▶ **Work required**
Begin with the opening line of the records and extract each line through the one holding "Make the answer"; pictures are not part of the copy.

Saved data entries

= = = = =

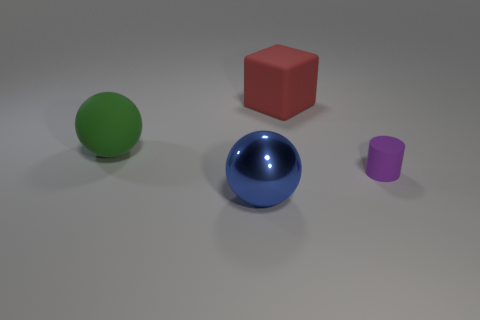What number of large rubber blocks are in front of the big ball in front of the tiny purple matte cylinder?
Your answer should be compact. 0. What number of large green matte things are the same shape as the blue thing?
Keep it short and to the point. 1. How many green balls are there?
Make the answer very short. 1. What is the color of the big rubber object on the right side of the large shiny thing?
Your answer should be compact. Red. There is a object in front of the matte thing right of the large rubber cube; what color is it?
Your answer should be compact. Blue. The matte block that is the same size as the blue sphere is what color?
Offer a very short reply. Red. How many things are in front of the red matte object and behind the big blue ball?
Your answer should be compact. 2. What material is the thing that is on the left side of the rubber cylinder and to the right of the blue metallic ball?
Give a very brief answer. Rubber. Are there fewer big red objects that are behind the blue object than green matte objects that are in front of the big red matte block?
Provide a succinct answer. No. There is a sphere that is the same material as the purple thing; what is its size?
Offer a terse response. Large.

= = = = =

▶ **Response**
What number of large rubber blocks are in front of the big ball in front of the tiny purple matte cylinder?
Your answer should be compact. 0. What number of large green matte things are the same shape as the blue thing?
Keep it short and to the point. 1. How many green balls are there?
Make the answer very short. 1. What is the color of the big rubber object on the right side of the large shiny thing?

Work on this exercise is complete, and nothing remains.